━━━━━ Data supplied ━━━━━

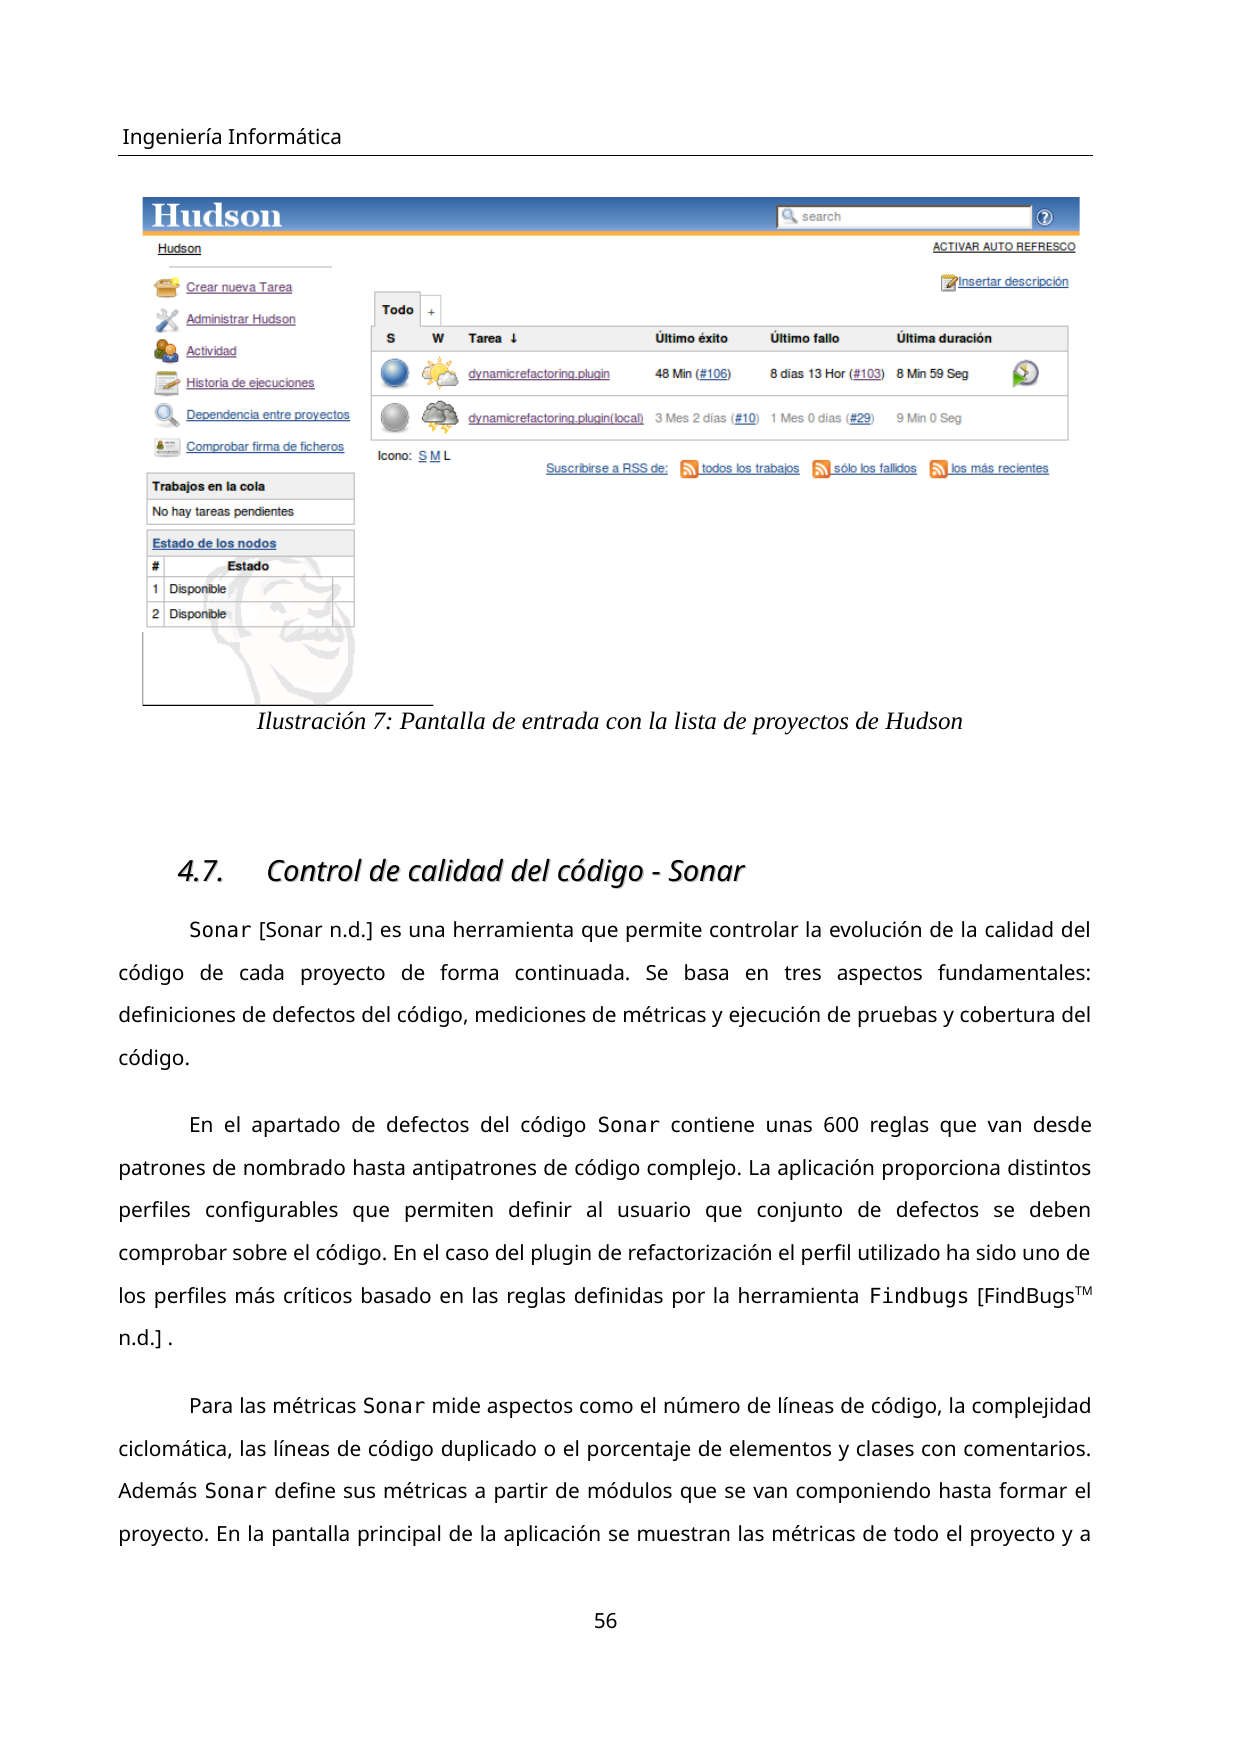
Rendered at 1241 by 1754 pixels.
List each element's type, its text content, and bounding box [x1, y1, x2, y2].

text En el apartado de defectos del código Sonar contiene unas 600 reglas que van desde patrones de nombrado hasta antipatrones de código complejo. La aplicación proporciona distintos perfiles configurables que permiten definir al usuario que conjunto de defectos se deben comprobar sobre el código. En el caso del plugin de refactorización el perfil utilizado ha sido uno de los perfiles más críticos basado en las reglas definidas por la herramienta Findbugs [FindBugsTM n.d.] . [118, 1110, 1093, 1352]
text Para las métricas Sonar mide aspectos como el número de líneas de código, la complejidad ciclomática, las líneas de código duplicado o el porcentaje de elementos y clases con comentarios. Además Sonar define sus métricas a partir de módulos que se van componiendo hasta formar el proyecto. En la pantalla principal de la aplicación se muestran las métricas de todo el proyecto y a [118, 1391, 1093, 1547]
text Ilustración 7: Pantalla de entrada con la lista de proyectos de Hudson [142, 706, 1079, 734]
text Sonar [Sonar n.d.] es una herramienta que permite controlar la evolución de la calidad del código de cada proyecto de forma continuada. Se basa en tres aspectos fundamentales: definiciones de defectos del código, mediciones de métricas y ejecución de pruebas y cobertura del código. [118, 915, 1093, 1071]
picture [142, 197, 1080, 706]
subtitle Control de calidad del código - Sonar [177, 850, 1093, 890]
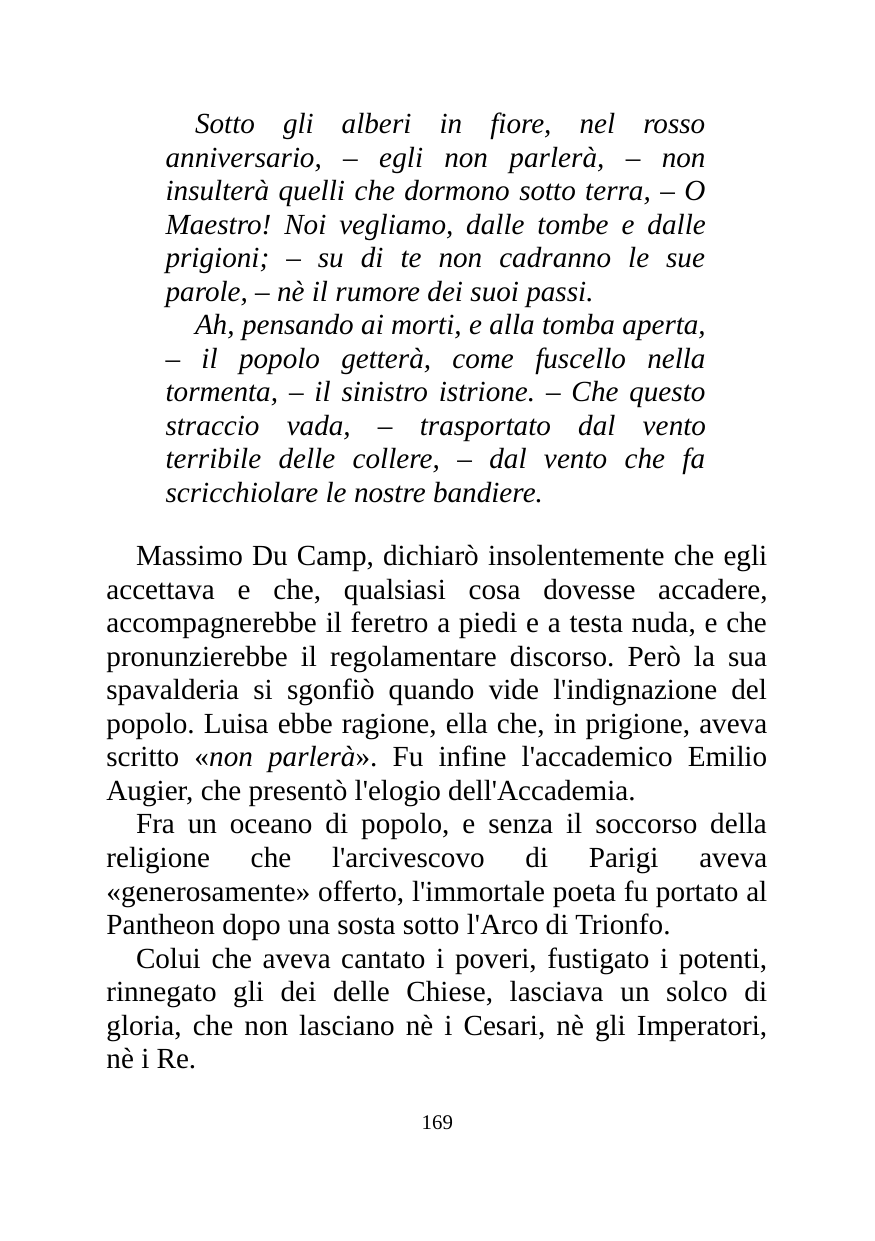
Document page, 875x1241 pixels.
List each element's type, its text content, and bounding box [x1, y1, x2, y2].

━━━━━

→ Work item: Each entry above must be repeated word for word, minus its images.

→ Response:
Rendered at 1241 by 1754 pixels.
List each element's type, its text content, and bounding box [x1, y1, x2, y2].

text En el apartado de defectos del código Sonar contiene unas 600 reglas que van desde patrones de nombrado hasta antipatrones de código complejo. La aplicación proporciona distintos perfiles configurables que permiten definir al usuario que conjunto de defectos se deben comprobar sobre el código. En el caso del plugin de refactorización el perfil utilizado ha sido uno de los perfiles más críticos basado en las reglas definidas por la herramienta Findbugs [FindBugsTM n.d.] . [118, 1110, 1093, 1352]
text Para las métricas Sonar mide aspectos como el número de líneas de código, la complejidad ciclomática, las líneas de código duplicado o el porcentaje de elementos y clases con comentarios. Además Sonar define sus métricas a partir de módulos que se van componiendo hasta formar el proyecto. En la pantalla principal de la aplicación se muestran las métricas de todo el proyecto y a [118, 1391, 1093, 1547]
text Ilustración 7: Pantalla de entrada con la lista de proyectos de Hudson [142, 706, 1079, 734]
text Sonar [Sonar n.d.] es una herramienta que permite controlar la evolución de la calidad del código de cada proyecto de forma continuada. Se basa en tres aspectos fundamentales: definiciones de defectos del código, mediciones de métricas y ejecución de pruebas y cobertura del código. [118, 915, 1093, 1071]
picture [142, 197, 1080, 706]
subtitle Control de calidad del código - Sonar [177, 850, 1093, 890]
Document page, 875x1241 pixels.
List each element's type, its text content, and bounding box [x1, y1, x2, y2].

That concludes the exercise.